$f""(x)=$$limlimits_h o 0fracf"(x)-f"(x-h)h=limlimits_h o 0fracfracf(x+h)-f(x)h-fracf(x)-f(x-h)hh=limlimits_h o 0fracf(x+h)-2f(x)+f(x-h)h^2$

I would certainly really love input on this proof. The publication "Berkeley difficulties in brickandmortarphilly.comematics" solves the differently.
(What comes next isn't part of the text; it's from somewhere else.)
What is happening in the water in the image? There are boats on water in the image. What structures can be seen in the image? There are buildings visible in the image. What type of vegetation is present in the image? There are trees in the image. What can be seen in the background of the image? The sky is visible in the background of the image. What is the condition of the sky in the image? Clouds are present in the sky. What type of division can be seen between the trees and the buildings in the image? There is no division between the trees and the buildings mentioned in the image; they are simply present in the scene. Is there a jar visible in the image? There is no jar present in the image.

You are watching: Lim h approaches 0 f(x+h)-f(x)/h



Summing up$$f(x+h) - f(x) = h f"(x) + frach^22f""(x) + o(h^3)$$$$f(x-h) - f(x) = - h f"(x) + frach^22f""(x) + o(h^3)$$ girlfriend get$$f(x+h) + f(x-h) -2f(x) = h^2 f""(x) + o(h^3)$$which is tantamount to$$lim_h o 0 fracf(x+h) + f(x-h) -2f(x)h^2 = f""(x)$$

However i think this is the proof your book gives, due to the fact that this is quite standard.


Your proof is incorrect. You can sayeginalignf""(x)&=lim_h o 0fracf"(x)-f"(x-h)h\<10px>&=lim_h o 0dfraclimlimits_k o0dfracf(x+k)-f(x)k-limlimits_k o0dfracf(x-h+k)-f(x-h)khendalignbut at this point you"re nearly stuck. You could unify the two borders at the numerator and also work top top it, yet at the end you still have actually a twin limit.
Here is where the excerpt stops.